TASK ITEM –
Write the data below out again, with each line matching the original.

====

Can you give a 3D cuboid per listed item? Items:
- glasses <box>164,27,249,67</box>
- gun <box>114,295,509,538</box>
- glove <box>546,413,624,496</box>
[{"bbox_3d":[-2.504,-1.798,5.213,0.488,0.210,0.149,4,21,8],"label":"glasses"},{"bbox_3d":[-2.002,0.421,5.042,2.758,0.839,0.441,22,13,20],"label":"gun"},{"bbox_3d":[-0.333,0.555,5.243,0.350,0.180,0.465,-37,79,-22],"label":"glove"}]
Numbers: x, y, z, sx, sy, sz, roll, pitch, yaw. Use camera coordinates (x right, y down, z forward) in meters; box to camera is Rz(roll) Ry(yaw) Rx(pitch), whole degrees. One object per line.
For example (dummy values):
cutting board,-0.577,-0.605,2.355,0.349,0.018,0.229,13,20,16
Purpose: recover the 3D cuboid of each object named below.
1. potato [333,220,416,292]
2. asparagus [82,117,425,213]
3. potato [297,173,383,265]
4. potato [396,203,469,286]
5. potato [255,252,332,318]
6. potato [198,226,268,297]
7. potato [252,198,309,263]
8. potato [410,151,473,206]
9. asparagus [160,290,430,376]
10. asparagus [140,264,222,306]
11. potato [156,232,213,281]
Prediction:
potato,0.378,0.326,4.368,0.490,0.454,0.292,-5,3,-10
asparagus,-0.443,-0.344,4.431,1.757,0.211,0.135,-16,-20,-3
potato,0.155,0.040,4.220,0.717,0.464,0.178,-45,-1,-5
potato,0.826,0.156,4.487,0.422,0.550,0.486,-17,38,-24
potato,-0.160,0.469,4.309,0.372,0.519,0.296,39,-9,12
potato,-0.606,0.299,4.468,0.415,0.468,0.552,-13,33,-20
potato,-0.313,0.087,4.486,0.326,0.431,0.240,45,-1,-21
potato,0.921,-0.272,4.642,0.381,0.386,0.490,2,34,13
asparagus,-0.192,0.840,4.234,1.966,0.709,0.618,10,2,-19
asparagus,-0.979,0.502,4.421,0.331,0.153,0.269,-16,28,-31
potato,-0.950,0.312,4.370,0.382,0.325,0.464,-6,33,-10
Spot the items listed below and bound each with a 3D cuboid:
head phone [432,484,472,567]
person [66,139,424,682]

====

TASK RESULT –
Can you give a 3D cuboid per listed item? Items:
- glasses <box>164,27,249,67</box>
- gun <box>114,295,509,538</box>
- glove <box>546,413,624,496</box>
[{"bbox_3d":[-2.504,-1.798,5.213,0.488,0.210,0.149,4,21,8],"label":"glasses"},{"bbox_3d":[-2.002,0.421,5.042,2.758,0.839,0.441,22,13,20],"label":"gun"},{"bbox_3d":[-0.333,0.555,5.243,0.350,0.180,0.465,-37,79,-22],"label":"glove"}]
Numbers: x, y, z, sx, sy, sz, roll, pitch, yaw. Use camera coordinates (x right, y down, z forward) in meters; box to camera is Rz(roll) Ry(yaw) Rx(pitch), whole degrees. One object per line.
For example (dummy values):
cutting board,-0.577,-0.605,2.355,0.349,0.018,0.229,13,20,16
Purpose: recover the 3D cuboid of each object named below.
1. potato [333,220,416,292]
2. asparagus [82,117,425,213]
3. potato [297,173,383,265]
4. potato [396,203,469,286]
5. potato [255,252,332,318]
6. potato [198,226,268,297]
7. potato [252,198,309,263]
8. potato [410,151,473,206]
9. asparagus [160,290,430,376]
10. asparagus [140,264,222,306]
11. potato [156,232,213,281]
Prediction:
potato,0.378,0.326,4.368,0.490,0.454,0.292,-5,3,-10
asparagus,-0.443,-0.344,4.431,1.757,0.211,0.135,-16,-20,-3
potato,0.155,0.040,4.220,0.717,0.464,0.178,-45,-1,-5
potato,0.826,0.156,4.487,0.422,0.550,0.486,-17,38,-24
potato,-0.160,0.469,4.309,0.372,0.519,0.296,39,-9,12
potato,-0.606,0.299,4.468,0.415,0.468,0.552,-13,33,-20
potato,-0.313,0.087,4.486,0.326,0.431,0.240,45,-1,-21
potato,0.921,-0.272,4.642,0.381,0.386,0.490,2,34,13
asparagus,-0.192,0.840,4.234,1.966,0.709,0.618,10,2,-19
asparagus,-0.979,0.502,4.421,0.331,0.153,0.269,-16,28,-31
potato,-0.950,0.312,4.370,0.382,0.325,0.464,-6,33,-10
Spot the items listed below and bound each with a 3D cuboid:
head phone [432,484,472,567]
person [66,139,424,682]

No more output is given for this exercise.